→ **YOUR GOAL**: Give again, word for word, each line below starting at the one that contains "Answer: Runtime protection, Vulnerability" and ending at the one that contains "Answer: Higher learning".

→ **GIVEN DATA**:
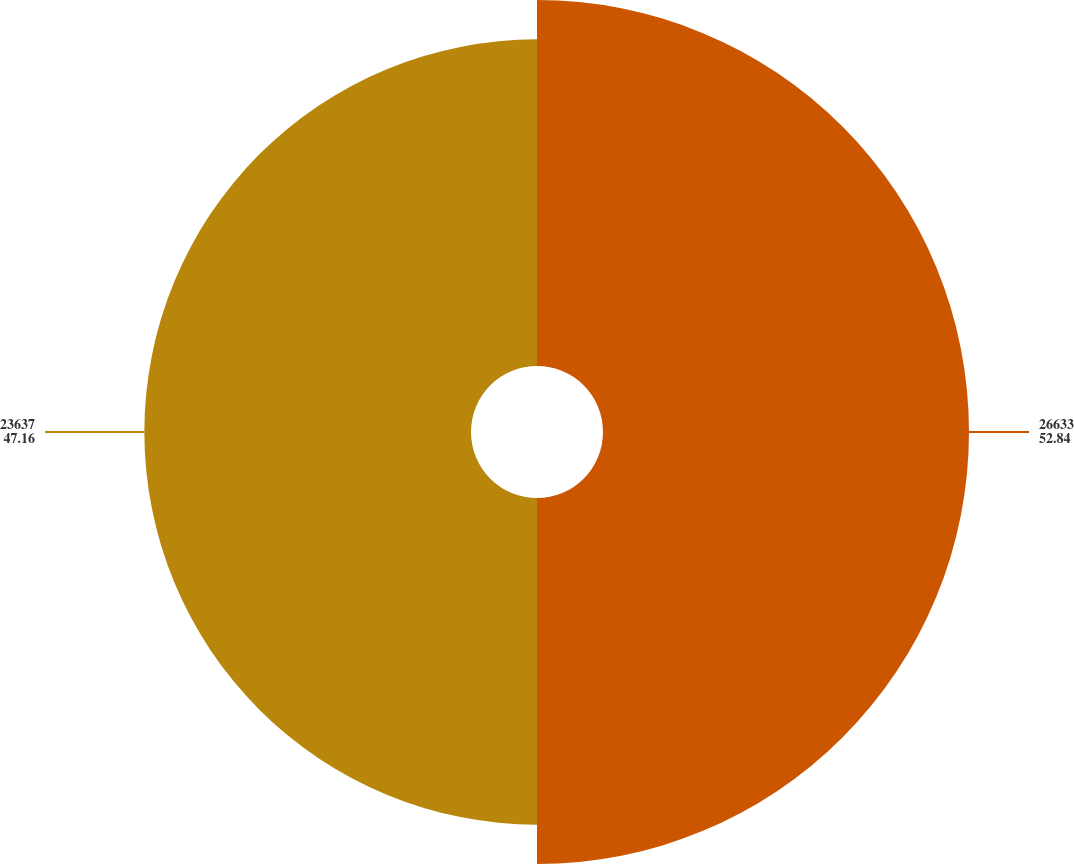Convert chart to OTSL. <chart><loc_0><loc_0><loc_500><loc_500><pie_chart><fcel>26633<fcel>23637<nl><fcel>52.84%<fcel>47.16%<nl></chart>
==
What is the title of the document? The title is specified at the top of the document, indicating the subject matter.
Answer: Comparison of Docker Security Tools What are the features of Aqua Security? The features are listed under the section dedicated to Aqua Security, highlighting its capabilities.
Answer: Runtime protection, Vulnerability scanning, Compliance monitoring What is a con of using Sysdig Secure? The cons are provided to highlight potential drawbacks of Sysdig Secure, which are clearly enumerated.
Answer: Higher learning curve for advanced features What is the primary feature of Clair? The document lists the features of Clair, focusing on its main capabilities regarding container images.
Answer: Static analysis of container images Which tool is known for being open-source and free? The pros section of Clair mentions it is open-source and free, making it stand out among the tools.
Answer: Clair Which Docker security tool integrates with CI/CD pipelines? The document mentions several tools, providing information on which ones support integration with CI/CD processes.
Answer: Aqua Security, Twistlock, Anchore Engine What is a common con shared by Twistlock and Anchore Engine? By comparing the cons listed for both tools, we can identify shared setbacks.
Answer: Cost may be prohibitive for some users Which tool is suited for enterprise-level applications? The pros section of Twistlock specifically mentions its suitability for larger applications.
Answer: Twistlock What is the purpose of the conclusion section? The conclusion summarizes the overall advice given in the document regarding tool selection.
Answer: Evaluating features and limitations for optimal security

→ **OUTPUT BELOW**:
Answer: Runtime protection, Vulnerability scanning, Compliance monitoring What is a con of using Sysdig Secure? The cons are provided to highlight potential drawbacks of Sysdig Secure, which are clearly enumerated.
Answer: Higher learning curve for advanced features What is the primary feature of Clair? The document lists the features of Clair, focusing on its main capabilities regarding container images.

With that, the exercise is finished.